━━━ RECORDS SHOWN ━━━
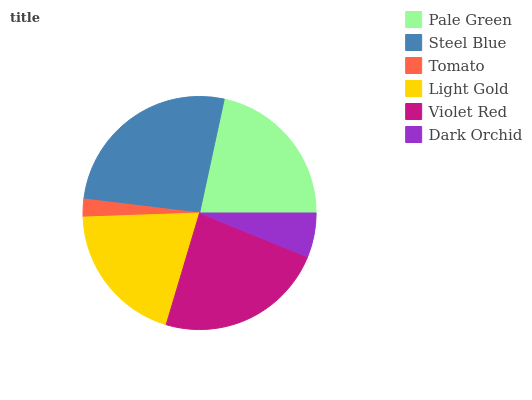Is Tomato the minimum?
Answer yes or no. Yes. Is Steel Blue the maximum?
Answer yes or no. Yes. Is Steel Blue the minimum?
Answer yes or no. No. Is Tomato the maximum?
Answer yes or no. No. Is Steel Blue greater than Tomato?
Answer yes or no. Yes. Is Tomato less than Steel Blue?
Answer yes or no. Yes. Is Tomato greater than Steel Blue?
Answer yes or no. No. Is Steel Blue less than Tomato?
Answer yes or no. No. Is Pale Green the high median?
Answer yes or no. Yes. Is Light Gold the low median?
Answer yes or no. Yes. Is Steel Blue the high median?
Answer yes or no. No. Is Pale Green the low median?
Answer yes or no. No. 
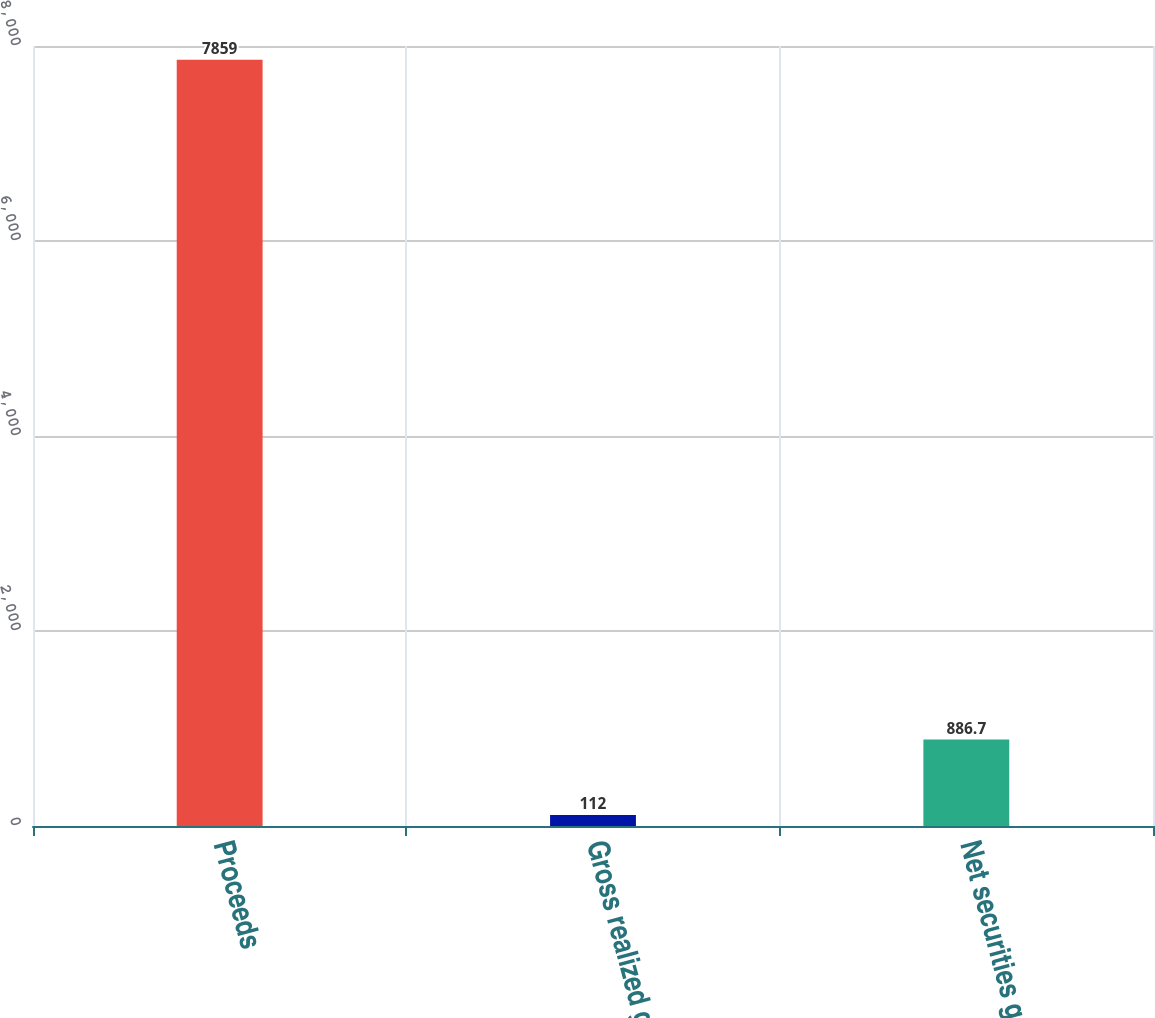<chart> <loc_0><loc_0><loc_500><loc_500><bar_chart><fcel>Proceeds<fcel>Gross realized gains<fcel>Net securities gains<nl><fcel>7859<fcel>112<fcel>886.7<nl></chart>
━━━
* WHAT IS NEEDED:
Would you return all of the data above word for word, omitting every picture?

* EXPECTED ANSWER:
Is Tomato the minimum?
Answer yes or no. Yes. Is Steel Blue the maximum?
Answer yes or no. Yes. Is Steel Blue the minimum?
Answer yes or no. No. Is Tomato the maximum?
Answer yes or no. No. Is Steel Blue greater than Tomato?
Answer yes or no. Yes. Is Tomato less than Steel Blue?
Answer yes or no. Yes. Is Tomato greater than Steel Blue?
Answer yes or no. No. Is Steel Blue less than Tomato?
Answer yes or no. No. Is Pale Green the high median?
Answer yes or no. Yes. Is Light Gold the low median?
Answer yes or no. Yes. Is Steel Blue the high median?
Answer yes or no. No. Is Pale Green the low median?
Answer yes or no. No. 
<chart> <loc_0><loc_0><loc_500><loc_500><bar_chart><fcel>Proceeds<fcel>Gross realized gains<fcel>Net securities gains<nl><fcel>7859<fcel>112<fcel>886.7<nl></chart>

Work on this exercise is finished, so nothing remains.